As for Sancho, we think him the wisest man we ever read after, except Solomon. Indeed, in the world of Fiction, all the wisdom issues from the mouths of fools—as witness Shakspeare's Falstaff and his fools. There is at least vraisemblance in all this; for, as in the Real world, the philosophers (e. g. our Masters in the art of war) have monopolized all the folly,—where so likely to find the wisdom as among the fools?

We fear our "Little Cannibals" are growing impatient, and may be, a little jealous of our seeming preference for our goats. They are young yet and require nursing. But they are young Herculeses, born with teeth, and if any Abolition serpents attempt to strangle them in the cradle, they'll be apt to get the worst of it. The danger is, however, that the Abolitionists will steal and adopt them—for they are vastly fond of young cannibals, and employ much of their time in sewing and knitting and getting up subscriptions, to send shirts and trowsers to the little fellows away over in Africa, who as indignantly repel them as old King Lear did when he stripped in the storm and resolved to be his "unsophisticated self."

Now, seeing that the Abolitionists are so devoted to the uncouth, dirty, naked little cannibals of Africa, haven't we good reason to fear that they will run away with and adopt ours, when they come forth neatly dressed in black muslin and all shining with gold from the master hands of Morris and Wynne? They will be sure at least to captivate the hearts of the strong-minded ladies, and if they will treat them well in infancy, we don't know but what, if they will wait till they grow up, we may spare them a husband or two from the number.

Mr. Morris has promised they shall be black as Erebus without, and white as "driven snow" within.

If they can get over the trying time of infancy—if the critics don't smother them in the cradle, the boys will make their own way in the world, and get a name famous as Toussaint or Dessalines.

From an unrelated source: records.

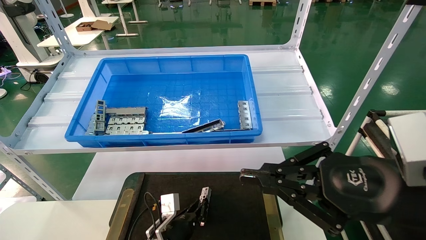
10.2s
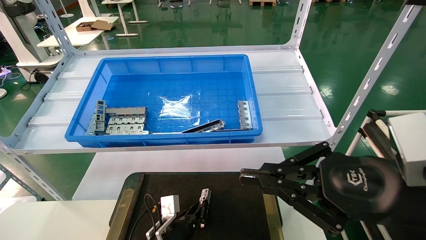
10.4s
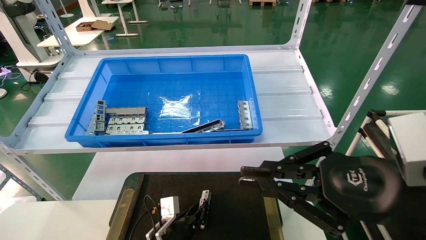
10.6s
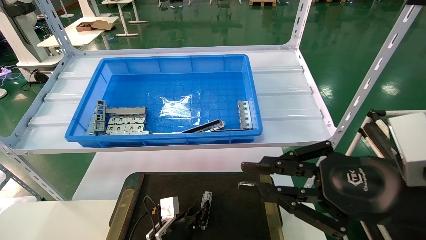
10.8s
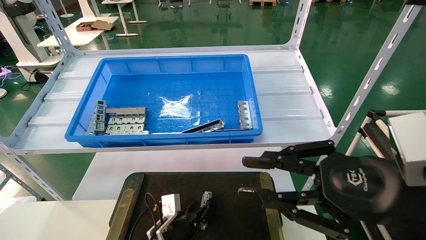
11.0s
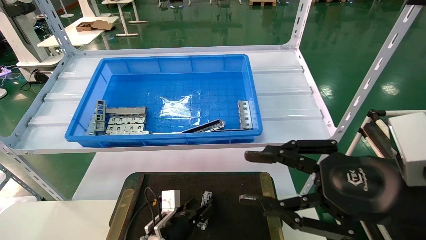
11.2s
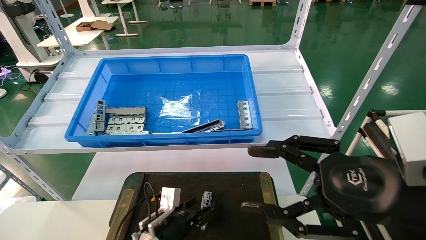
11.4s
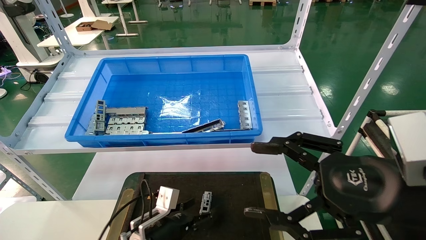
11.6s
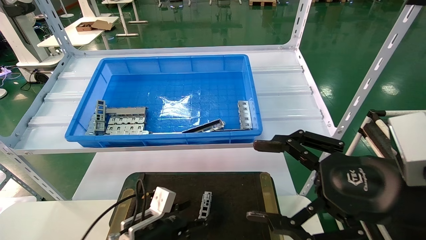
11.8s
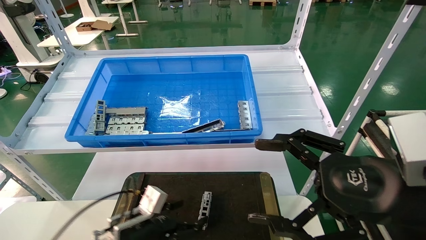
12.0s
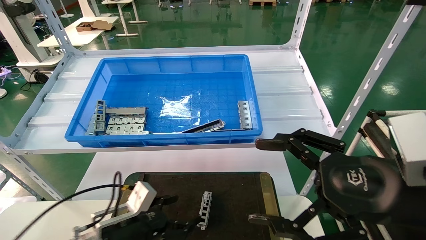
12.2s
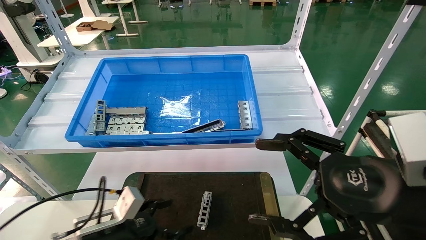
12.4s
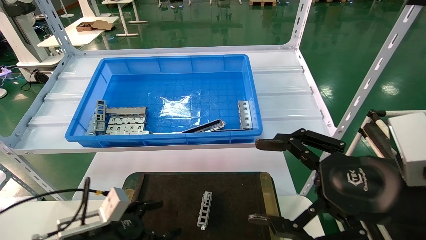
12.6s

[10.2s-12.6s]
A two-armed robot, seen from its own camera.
Task of the whole recording: Grasp the part with one hand and place it on the black container.
10.2s to 11.4s: The left gripper opens; the right gripper opens up.
11.4s to 12.6s: The left gripper is displaced to the left, upward and backward by some 15 cm, and opens, while the right gripper opens its fingers.

To be candid with the reader, we have learned lately that the physique of a book is quite as important as its metaphysique—the outside as the inside. Figure, size, proportion, are all to be consulted: for books are now used quite as much for centre table ornaments as for reading. We have a marble one on our centre table that answers the former purpose admirably, because nobody can put puzzling questions about its contents. Now, we must write the exact amount, and no more, to enable Mr. Morris and Mr. Wynne to make our book appear externally "comme il faut." We write this chapter in part for that purpose. The reader would not object to a page, or so, more or less of it, and Mr. Morris and Mr. Wynne will know how to curtail or omit, for they are not only masters of their own trades, but can render us valuable assistance in ours.